▶ [TASK REQUIREMENTS] From the data below, return the exact lines starting at the line containing "4. which of" and ending at the line containing "17. time of", both included, and nothing else.

▶ [PROVIDED MATERIAL]
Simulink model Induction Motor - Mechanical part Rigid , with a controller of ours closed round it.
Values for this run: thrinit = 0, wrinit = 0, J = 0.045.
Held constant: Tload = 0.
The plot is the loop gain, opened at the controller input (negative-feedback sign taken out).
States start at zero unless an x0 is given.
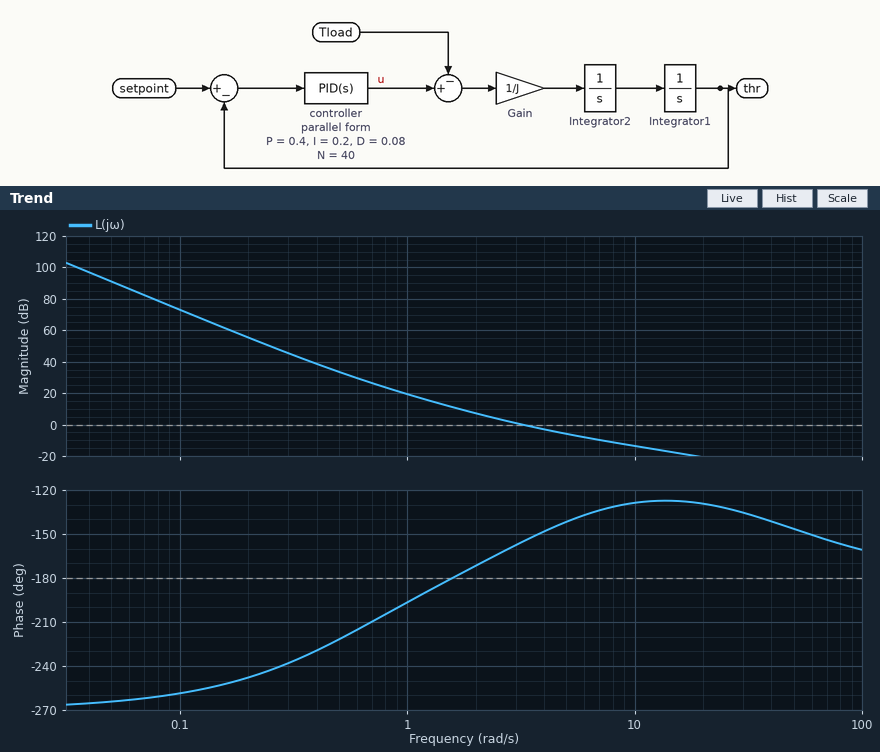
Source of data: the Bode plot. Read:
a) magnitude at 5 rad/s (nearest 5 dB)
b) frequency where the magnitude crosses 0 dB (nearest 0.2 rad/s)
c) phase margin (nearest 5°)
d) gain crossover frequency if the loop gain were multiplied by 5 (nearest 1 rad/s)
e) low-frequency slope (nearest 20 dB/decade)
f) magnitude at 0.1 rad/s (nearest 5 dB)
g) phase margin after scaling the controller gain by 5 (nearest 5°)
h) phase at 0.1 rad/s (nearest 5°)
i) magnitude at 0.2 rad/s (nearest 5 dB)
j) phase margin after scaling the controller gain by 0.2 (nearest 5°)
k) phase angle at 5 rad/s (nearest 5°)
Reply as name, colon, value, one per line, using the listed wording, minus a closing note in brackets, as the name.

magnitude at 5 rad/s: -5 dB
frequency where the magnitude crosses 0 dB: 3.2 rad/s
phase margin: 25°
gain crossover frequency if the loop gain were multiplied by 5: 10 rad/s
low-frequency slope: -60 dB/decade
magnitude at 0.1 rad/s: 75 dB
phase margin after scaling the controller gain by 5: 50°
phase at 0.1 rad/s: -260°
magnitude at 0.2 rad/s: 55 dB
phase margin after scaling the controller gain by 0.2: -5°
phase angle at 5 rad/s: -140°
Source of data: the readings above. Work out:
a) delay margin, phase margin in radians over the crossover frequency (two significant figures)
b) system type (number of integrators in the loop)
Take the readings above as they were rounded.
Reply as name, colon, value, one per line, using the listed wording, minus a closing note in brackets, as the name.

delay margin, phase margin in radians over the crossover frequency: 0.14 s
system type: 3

---

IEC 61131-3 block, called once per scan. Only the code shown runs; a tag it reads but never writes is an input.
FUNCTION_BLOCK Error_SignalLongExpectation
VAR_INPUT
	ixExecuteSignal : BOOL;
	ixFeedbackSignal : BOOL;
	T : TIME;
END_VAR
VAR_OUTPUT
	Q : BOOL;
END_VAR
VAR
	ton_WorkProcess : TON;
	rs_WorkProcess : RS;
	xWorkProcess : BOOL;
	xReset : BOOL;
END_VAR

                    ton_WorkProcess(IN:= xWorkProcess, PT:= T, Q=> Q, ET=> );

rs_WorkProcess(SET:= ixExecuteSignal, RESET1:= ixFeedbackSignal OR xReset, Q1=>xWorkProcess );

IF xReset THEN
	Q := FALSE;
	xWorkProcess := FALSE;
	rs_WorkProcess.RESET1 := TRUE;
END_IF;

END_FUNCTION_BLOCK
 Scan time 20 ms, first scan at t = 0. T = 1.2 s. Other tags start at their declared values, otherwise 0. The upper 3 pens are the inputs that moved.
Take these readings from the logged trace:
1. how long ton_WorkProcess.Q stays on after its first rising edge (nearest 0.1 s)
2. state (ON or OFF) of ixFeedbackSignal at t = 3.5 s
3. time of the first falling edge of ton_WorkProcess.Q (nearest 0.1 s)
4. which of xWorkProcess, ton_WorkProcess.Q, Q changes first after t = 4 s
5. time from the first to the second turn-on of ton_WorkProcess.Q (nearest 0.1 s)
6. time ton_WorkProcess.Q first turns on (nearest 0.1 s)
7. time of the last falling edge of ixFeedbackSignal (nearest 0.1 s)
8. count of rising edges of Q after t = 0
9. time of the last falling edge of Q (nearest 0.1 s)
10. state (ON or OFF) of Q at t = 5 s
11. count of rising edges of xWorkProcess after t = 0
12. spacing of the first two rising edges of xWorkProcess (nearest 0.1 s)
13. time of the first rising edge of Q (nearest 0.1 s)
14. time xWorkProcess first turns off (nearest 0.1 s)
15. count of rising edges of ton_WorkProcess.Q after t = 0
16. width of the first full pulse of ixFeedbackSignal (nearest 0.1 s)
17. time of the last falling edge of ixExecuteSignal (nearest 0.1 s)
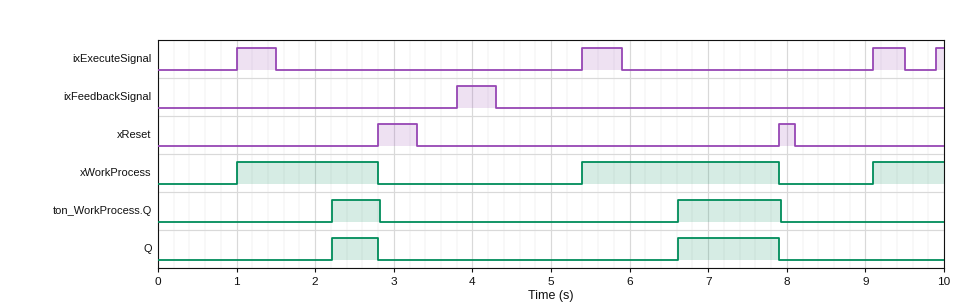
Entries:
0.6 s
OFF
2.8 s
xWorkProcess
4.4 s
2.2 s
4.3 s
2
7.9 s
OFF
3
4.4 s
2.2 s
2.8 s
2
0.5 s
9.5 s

▶ [ANSWER TO THE PROBLEM]
4. which of xWorkProcess, ton_WorkProcess.Q, Q changes first after t = 4 s
5. time from the first to the second turn-on of ton_WorkProcess.Q (nearest 0.1 s)
6. time ton_WorkProcess.Q first turns on (nearest 0.1 s)
7. time of the last falling edge of ixFeedbackSignal (nearest 0.1 s)
8. count of rising edges of Q after t = 0
9. time of the last falling edge of Q (nearest 0.1 s)
10. state (ON or OFF) of Q at t = 5 s
11. count of rising edges of xWorkProcess after t = 0
12. spacing of the first two rising edges of xWorkProcess (nearest 0.1 s)
13. time of the first rising edge of Q (nearest 0.1 s)
14. time xWorkProcess first turns off (nearest 0.1 s)
15. count of rising edges of ton_WorkProcess.Q after t = 0
16. width of the first full pulse of ixFeedbackSignal (nearest 0.1 s)
17. time of the last falling edge of ixExecuteSignal (nearest 0.1 s)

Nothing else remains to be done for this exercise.